** Opening DATA FOR REVIEW block **

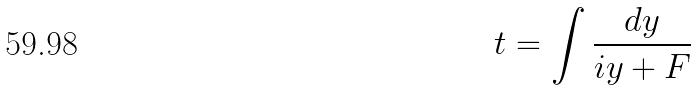Convert formula to latex. <formula><loc_0><loc_0><loc_500><loc_500>t = \int \frac { d y } { i y + F }</formula> 
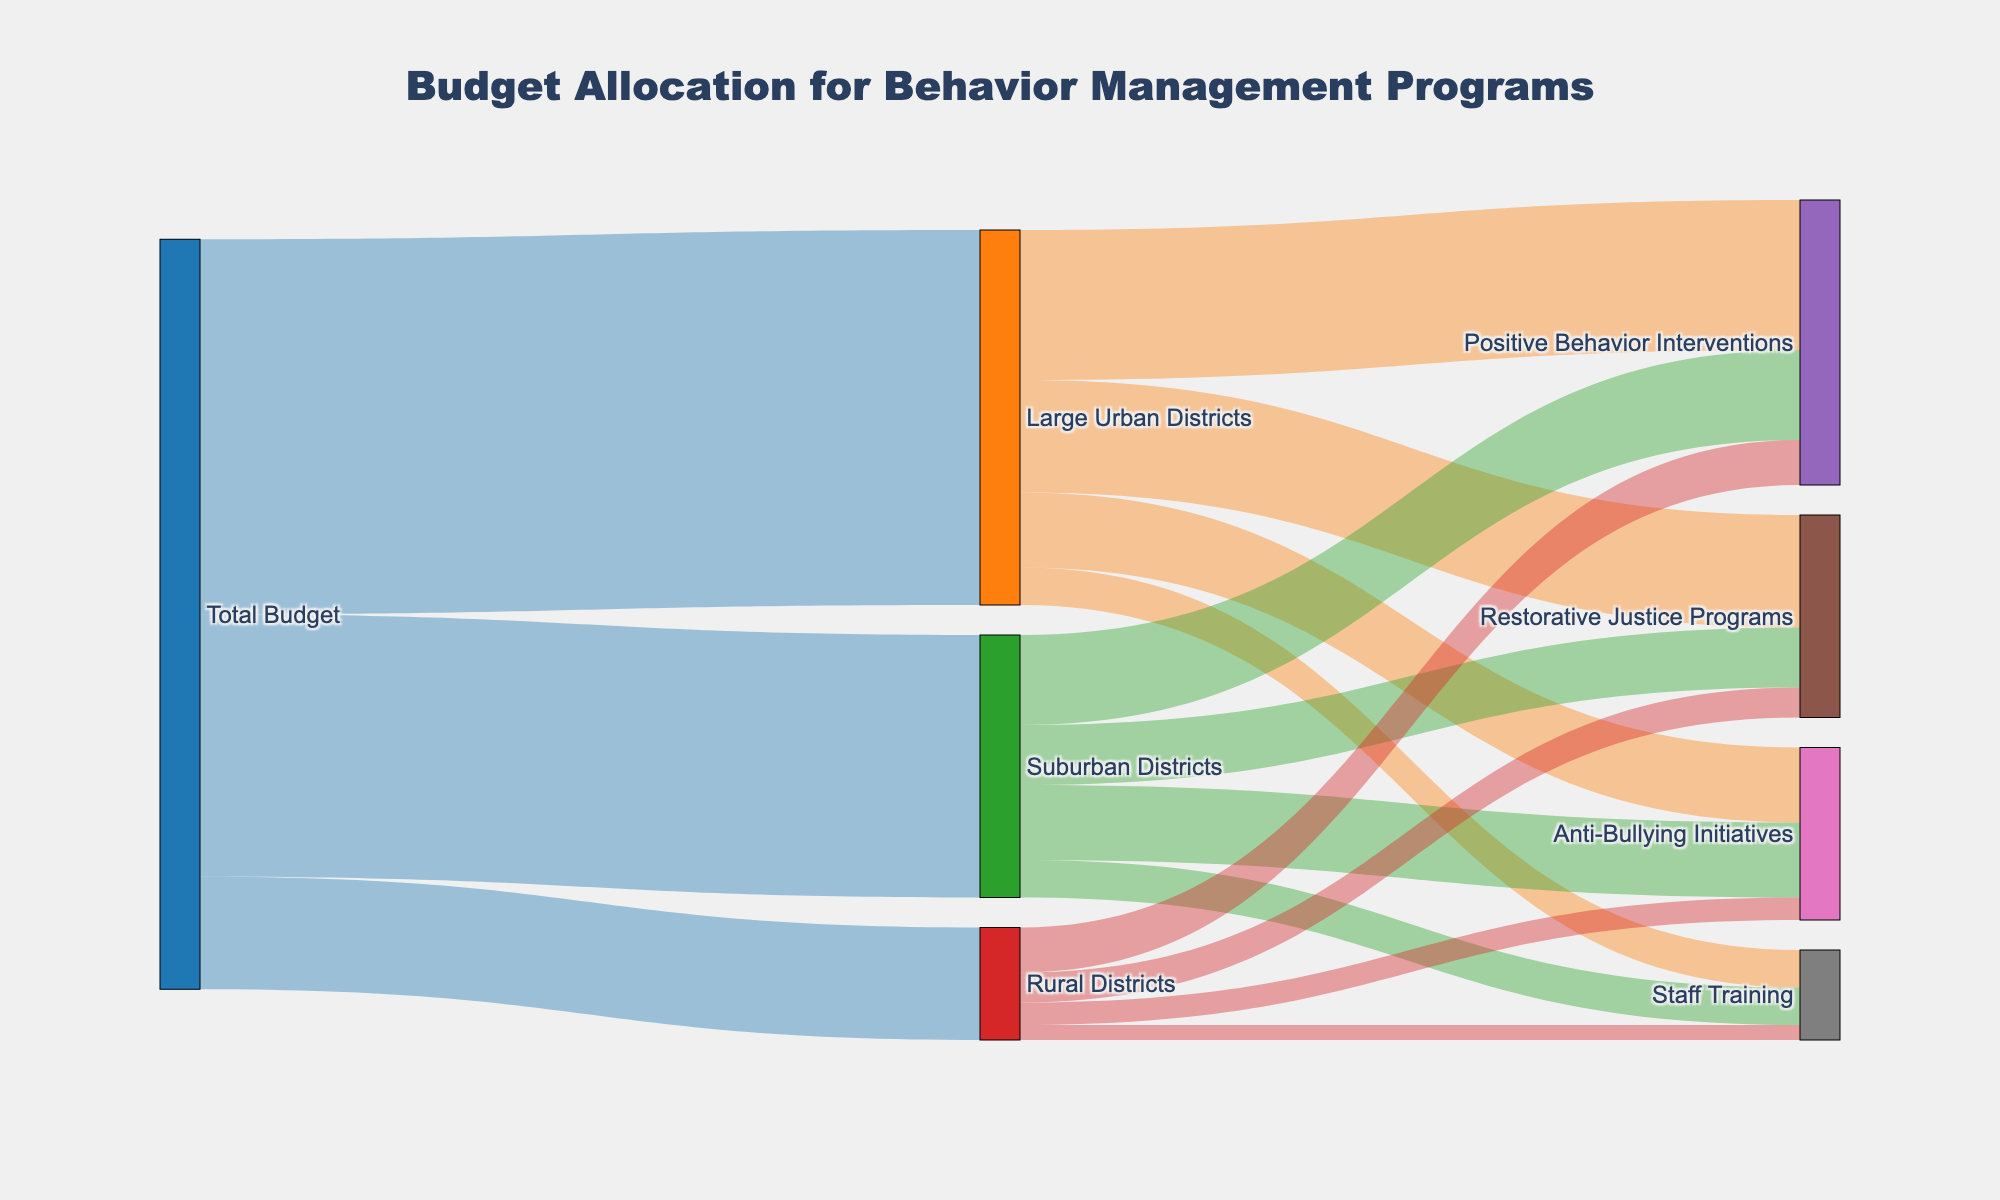what is the total budget allocated to suburban districts? The total budget allocated to suburban districts can be determined by looking at the flow from "Total Budget" to "Suburban Districts." The value is given as 3,500,000.
Answer: 3,500,000 How many categories are under the large urban districts budget allocation? To find the number of categories under the budget allocation for large urban districts, we need to count the flow lines from "Large Urban Districts" to its target categories. There are four: "Positive Behavior Interventions," "Restorative Justice Programs," "Anti-Bullying Initiatives," and "Staff Training."
Answer: 4 Which category receives the largest budget in rural districts? To find the category that receives the largest budget in rural districts, we look at the values of the flows from "Rural Districts" to its target categories. "Positive Behavior Interventions" receives 600,000, which is the largest.
Answer: Positive Behavior Interventions What's the difference in budget allocation between anti-bullying initiatives in large urban districts and rural districts? First, find the values allocated to anti-bullying initiatives in large urban and rural districts: 1,000,000 and 300,000, respectively. The difference is 1,000,000 - 300,000 = 700,000.
Answer: 700,000 What percentage of the total budget goes to restorative justice programs in all districts? To calculate the percentage, we need the total budget and the sum allocated to restorative justice programs: Large Urban Districts (1,500,000) + Suburban Districts (800,000) + Rural Districts (400,000) = 2,700,000. The total budget is 10,000,000. So, the percentage is (2,700,000 / 10,000,000) * 100 = 27%.
Answer: 27% How does the budget allocation for positive behavior interventions in suburban districts compare to large urban districts? The budget allocations are 1,200,000 for suburban districts and 2,000,000 for large urban districts. The allocation in suburban districts is less by 2,000,000 - 1,200,000 = 800,000.
Answer: Suburban districts receive 800,000 less What's the total budget allocated to all categories under large urban districts? Add the budgets for all target categories under large urban districts: 2,000,000 (Positive Behavior Interventions) + 1,500,000 (Restorative Justice Programs) + 1,000,000 (Anti-Bullying Initiatives) + 500,000 (Staff Training) = 5,000,000.
Answer: 5,000,000 Which district receives the least amount of total budget? Compare the total budgets allocated to each district: Large Urban Districts (5,000,000), Suburban Districts (3,500,000), and Rural Districts (1,500,000). The rural districts receive the least.
Answer: Rural Districts 
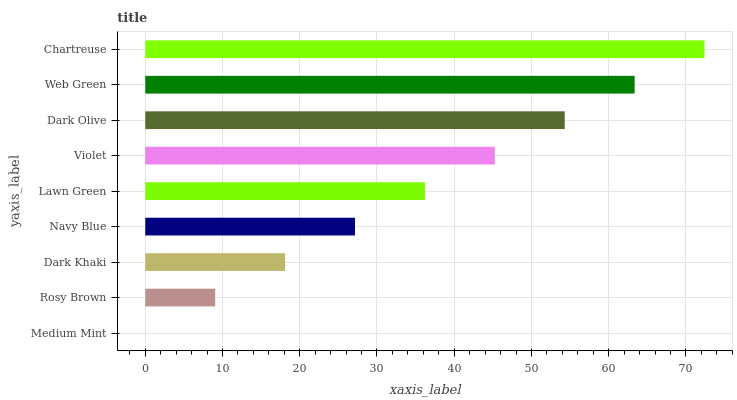Is Medium Mint the minimum?
Answer yes or no. Yes. Is Chartreuse the maximum?
Answer yes or no. Yes. Is Rosy Brown the minimum?
Answer yes or no. No. Is Rosy Brown the maximum?
Answer yes or no. No. Is Rosy Brown greater than Medium Mint?
Answer yes or no. Yes. Is Medium Mint less than Rosy Brown?
Answer yes or no. Yes. Is Medium Mint greater than Rosy Brown?
Answer yes or no. No. Is Rosy Brown less than Medium Mint?
Answer yes or no. No. Is Lawn Green the high median?
Answer yes or no. Yes. Is Lawn Green the low median?
Answer yes or no. Yes. Is Dark Olive the high median?
Answer yes or no. No. Is Dark Olive the low median?
Answer yes or no. No. 
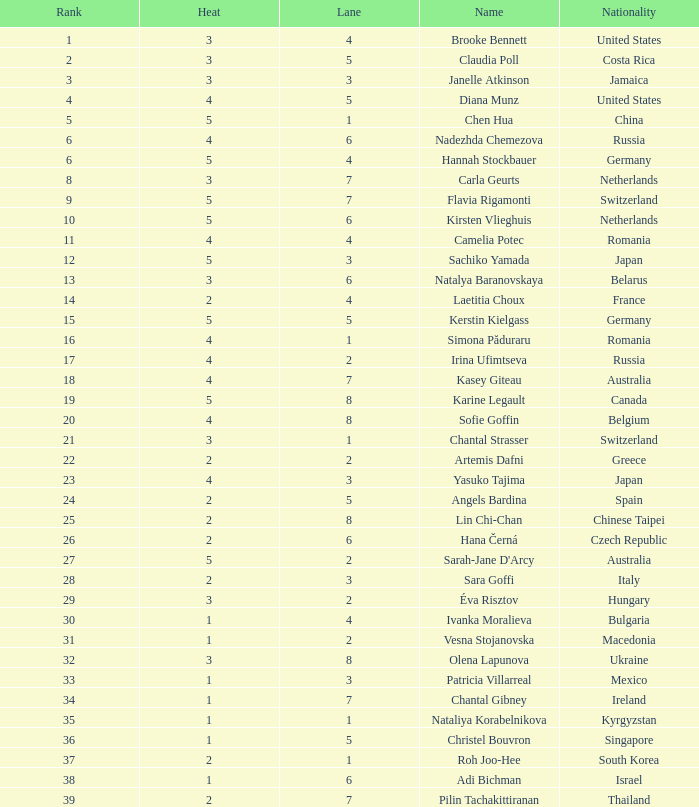What is the average rank greater than 3 and heat exceeding 5? None. 
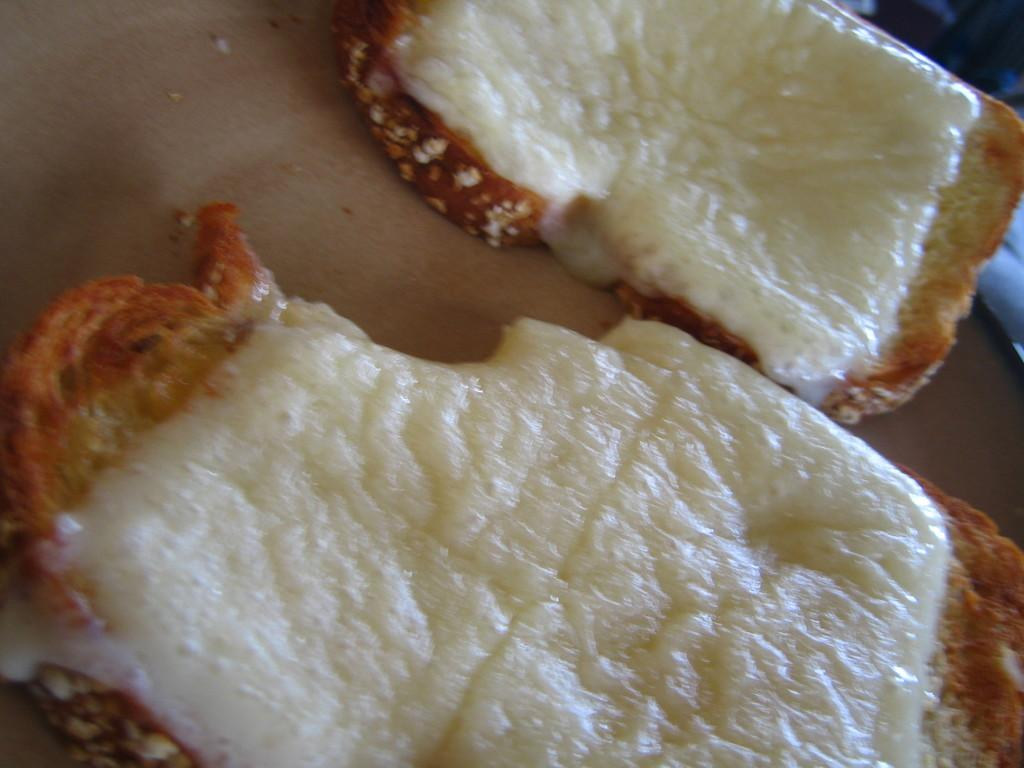What type of food can be seen in the image? There are slices of bread in the image. What is applied on the slices of bread? Cream is applied on the slices of bread. What guide is used to apply the cream on the slices of bread in the image? There is no guide visible in the image for applying the cream on the slices of bread. 
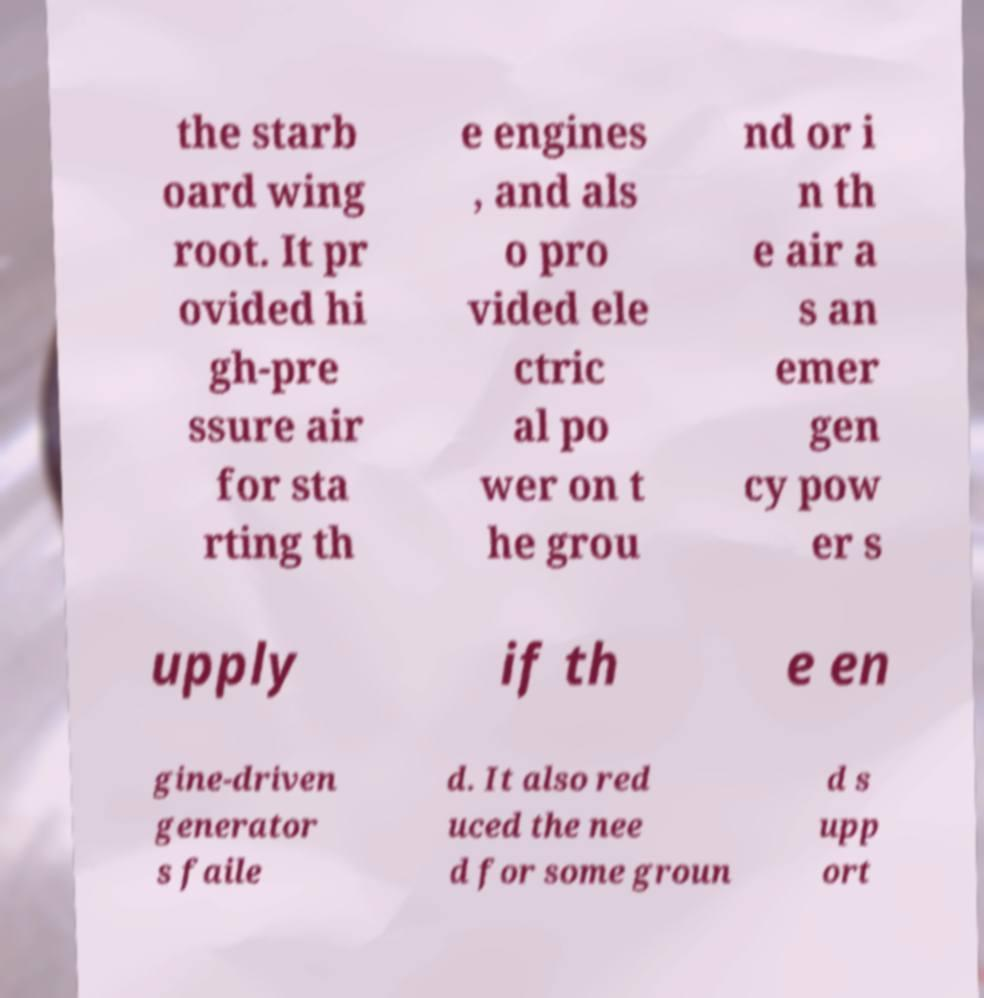I need the written content from this picture converted into text. Can you do that? the starb oard wing root. It pr ovided hi gh-pre ssure air for sta rting th e engines , and als o pro vided ele ctric al po wer on t he grou nd or i n th e air a s an emer gen cy pow er s upply if th e en gine-driven generator s faile d. It also red uced the nee d for some groun d s upp ort 
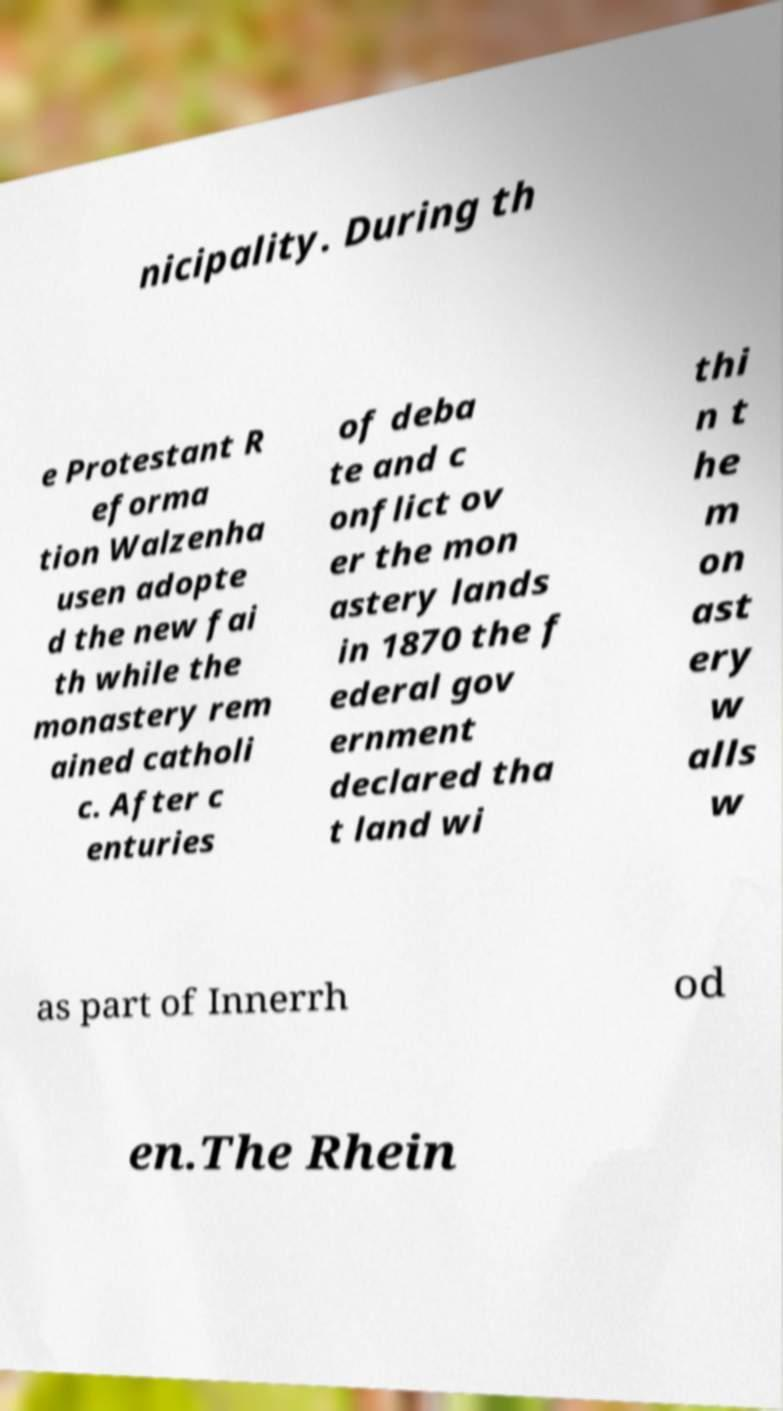Can you accurately transcribe the text from the provided image for me? nicipality. During th e Protestant R eforma tion Walzenha usen adopte d the new fai th while the monastery rem ained catholi c. After c enturies of deba te and c onflict ov er the mon astery lands in 1870 the f ederal gov ernment declared tha t land wi thi n t he m on ast ery w alls w as part of Innerrh od en.The Rhein

** Closing DATA FOR REVIEW block **

> _PROBLEM STATEMENT_
Starting at the line above that holds "Answer: Suburban districts", return each line up to and including the one that holds "Answer yes or no. Yes. Is Rosy", exactly as written, minus any pictures.

> _RESPONSE_
Answer: Suburban districts receive 800,000 less What's the total budget allocated to all categories under large urban districts? Add the budgets for all target categories under large urban districts: 2,000,000 (Positive Behavior Interventions) + 1,500,000 (Restorative Justice Programs) + 1,000,000 (Anti-Bullying Initiatives) + 500,000 (Staff Training) = 5,000,000.
Answer: 5,000,000 Which district receives the least amount of total budget? Compare the total budgets allocated to each district: Large Urban Districts (5,000,000), Suburban Districts (3,500,000), and Rural Districts (1,500,000). The rural districts receive the least.
Answer: Rural Districts 
Is Medium Mint the minimum?
Answer yes or no. Yes. Is Chartreuse the maximum?
Answer yes or no. Yes. Is Rosy Brown the minimum?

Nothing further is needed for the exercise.